-------- Data supplied

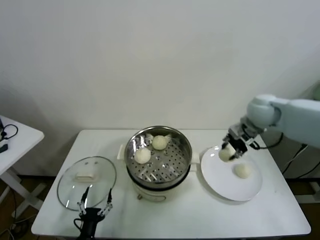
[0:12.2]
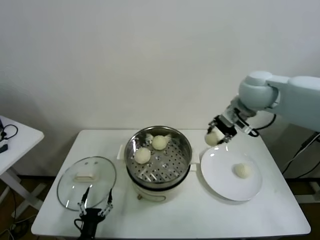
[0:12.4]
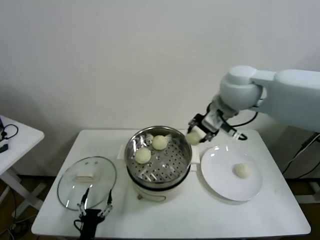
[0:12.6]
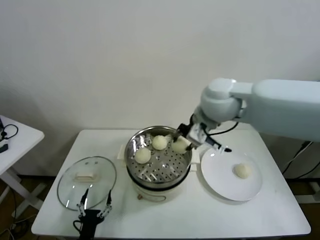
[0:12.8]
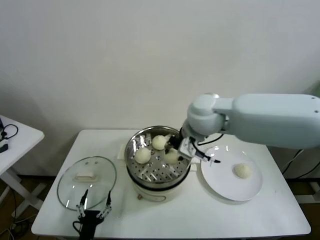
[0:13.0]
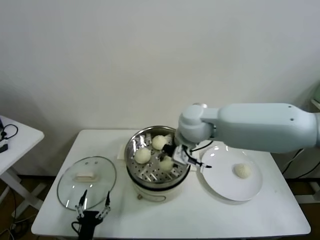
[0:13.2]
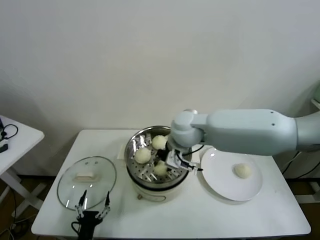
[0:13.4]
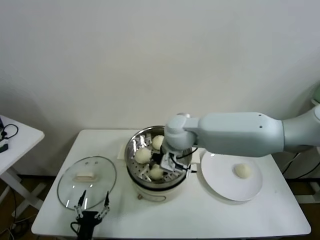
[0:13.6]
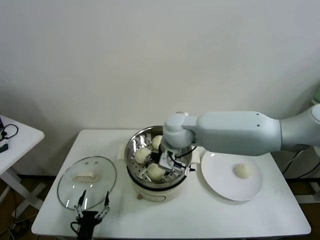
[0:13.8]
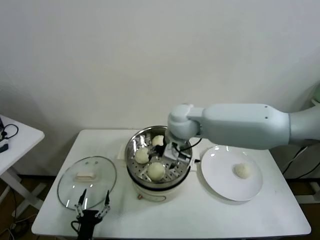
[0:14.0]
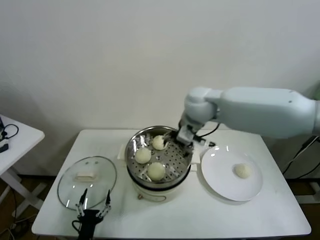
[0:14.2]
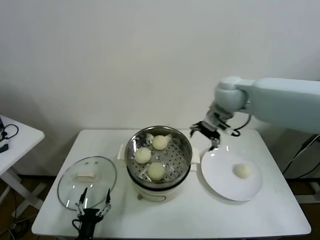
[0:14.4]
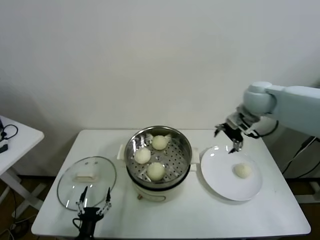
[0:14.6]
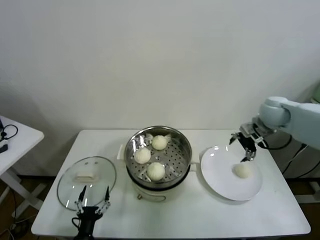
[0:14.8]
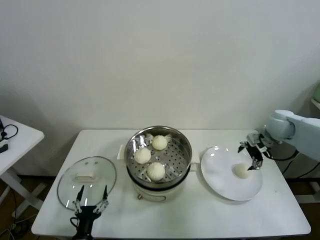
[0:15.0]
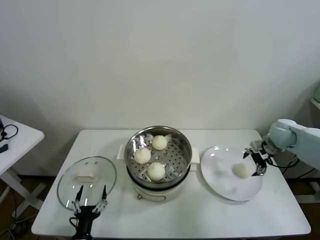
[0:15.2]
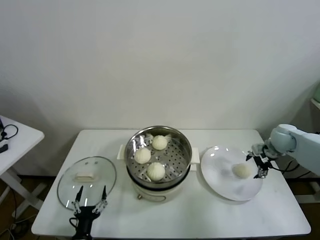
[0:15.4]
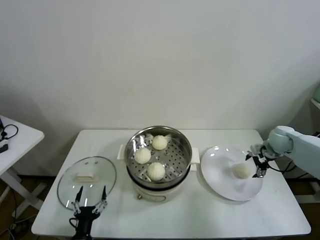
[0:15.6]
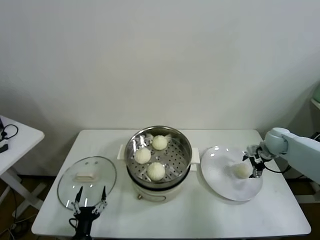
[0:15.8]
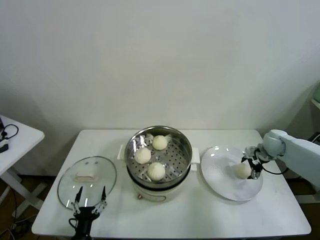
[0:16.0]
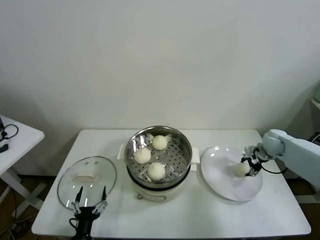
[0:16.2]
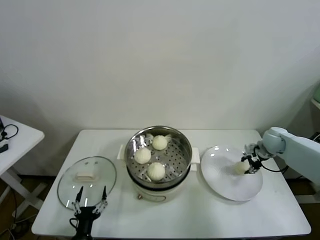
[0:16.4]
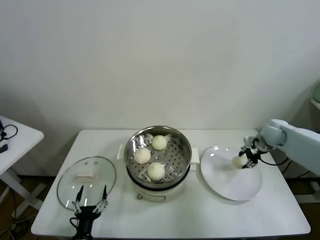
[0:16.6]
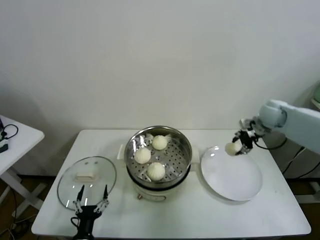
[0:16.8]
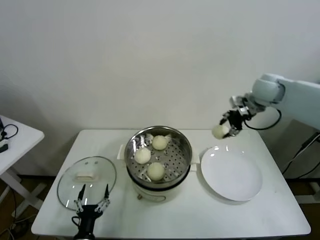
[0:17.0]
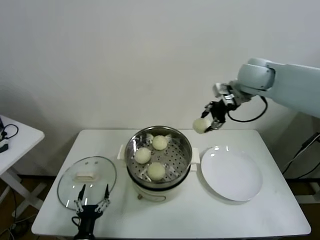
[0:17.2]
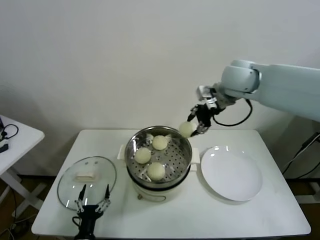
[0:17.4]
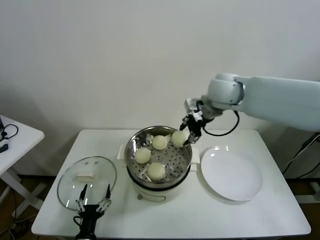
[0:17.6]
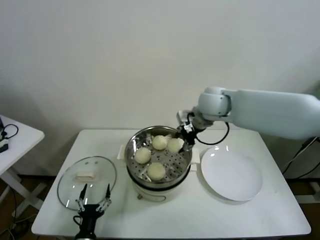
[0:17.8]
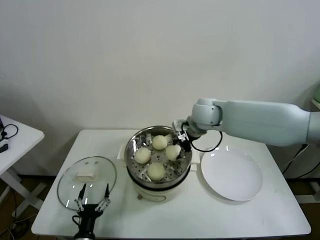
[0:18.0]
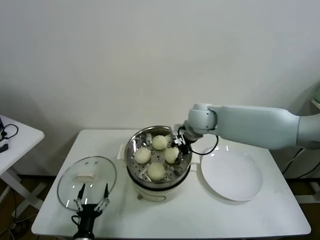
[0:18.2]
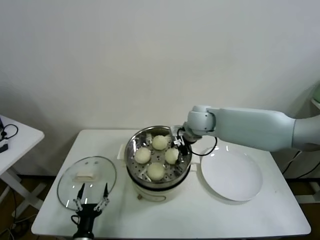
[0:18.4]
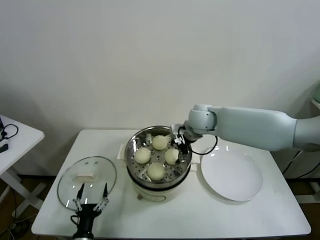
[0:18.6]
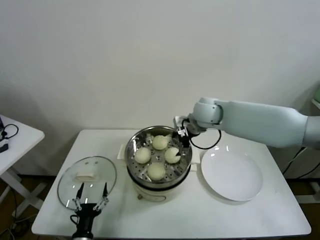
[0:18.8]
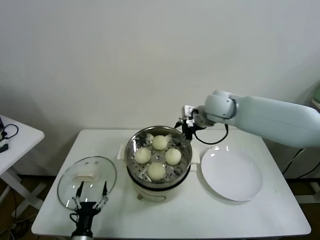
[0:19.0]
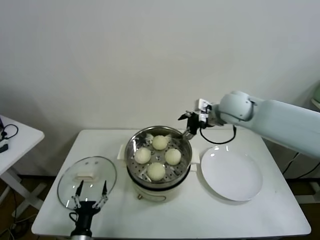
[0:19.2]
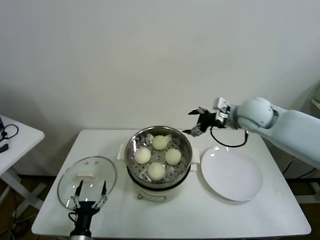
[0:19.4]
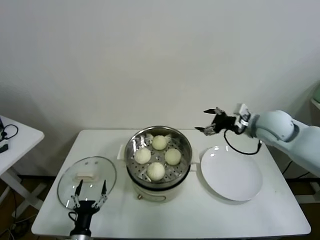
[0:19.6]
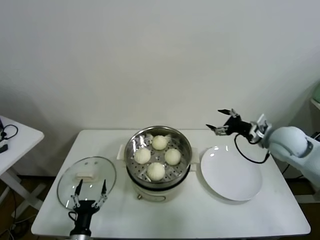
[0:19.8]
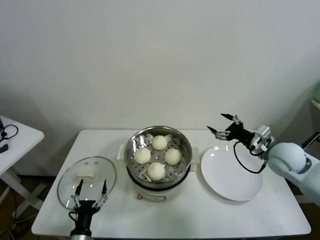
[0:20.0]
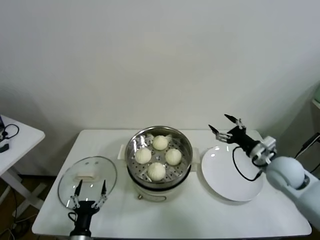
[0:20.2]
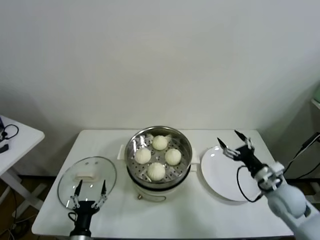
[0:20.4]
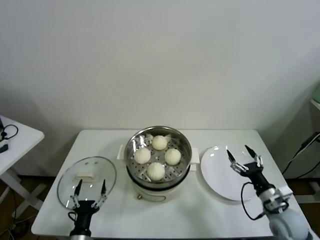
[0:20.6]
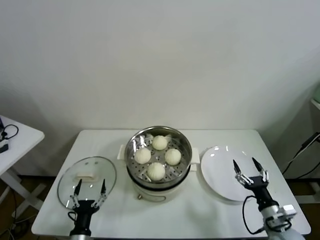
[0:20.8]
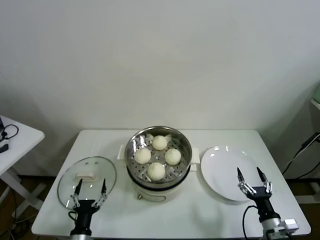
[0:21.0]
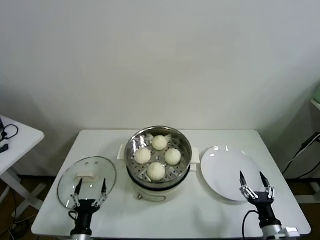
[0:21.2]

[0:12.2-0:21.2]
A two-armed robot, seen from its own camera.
Task of the whole recording: take steamed baozi put them in steamer.
Step, 0:12.2 to 0:13.8: Place the baozi on the steamer with right gripper.
Step, 0:14.0 to 0:16.0: Grasp the baozi in the plate with right gripper.
Step, 0:16.2 to 0:18.4: Place the baozi on the steamer with right gripper.
0:12.2 to 0:13.8: The right gripper moves to the left, about 25 cm, and opens.
0:13.8 to 0:15.2: The right gripper travels to the right by roughly 40 cm.
0:15.2 to 0:16.6: The right gripper closes up.
0:16.6 to 0:18.2: The right gripper moves to the left, about 30 cm.
0:18.2 to 0:19.8: The right gripper heads to the right, covering about 25 cm, and opens its fingers.
0:19.8 to 0:21.2: The right gripper goes approximately 35 cm downward and backward.

----------------

What needs to be done:
Print all the lines above exactly as they are, but without the pictures.

Finished exercise:
[0:12.2]
[0:12.4]
[0:12.6]
[0:12.8]
[0:13.0]
[0:13.2]
[0:13.4]
[0:13.6]
[0:13.8]
[0:14.0]
[0:14.2]
[0:14.4]
[0:14.6]
[0:14.8]
[0:15.0]
[0:15.2]
[0:15.4]
[0:15.6]
[0:15.8]
[0:16.0]
[0:16.2]
[0:16.4]
[0:16.6]
[0:16.8]
[0:17.0]
[0:17.2]
[0:17.4]
[0:17.6]
[0:17.8]
[0:18.0]
[0:18.2]
[0:18.4]
[0:18.6]
[0:18.8]
[0:19.0]
[0:19.2]
[0:19.4]
[0:19.6]
[0:19.8]
[0:20.0]
[0:20.2]
[0:20.4]
[0:20.6]
[0:20.8]
[0:21.0]
[0:21.2]

[0:12.2-0:21.2]
A two-armed robot, seen from its own camera.
Task of the whole recording: take steamed baozi put them in steamer.
Step, 0:12.2 to 0:13.8: Place the baozi on the steamer with right gripper.
Step, 0:14.0 to 0:16.0: Grasp the baozi in the plate with right gripper.
Step, 0:16.2 to 0:18.4: Place the baozi on the steamer with right gripper.
0:12.2 to 0:13.8: The right gripper moves to the left, about 25 cm, and opens.
0:13.8 to 0:15.2: The right gripper travels to the right by roughly 40 cm.
0:15.2 to 0:16.6: The right gripper closes up.
0:16.6 to 0:18.2: The right gripper moves to the left, about 30 cm.
0:18.2 to 0:19.8: The right gripper heads to the right, covering about 25 cm, and opens its fingers.
0:19.8 to 0:21.2: The right gripper goes approximately 35 cm downward and backward.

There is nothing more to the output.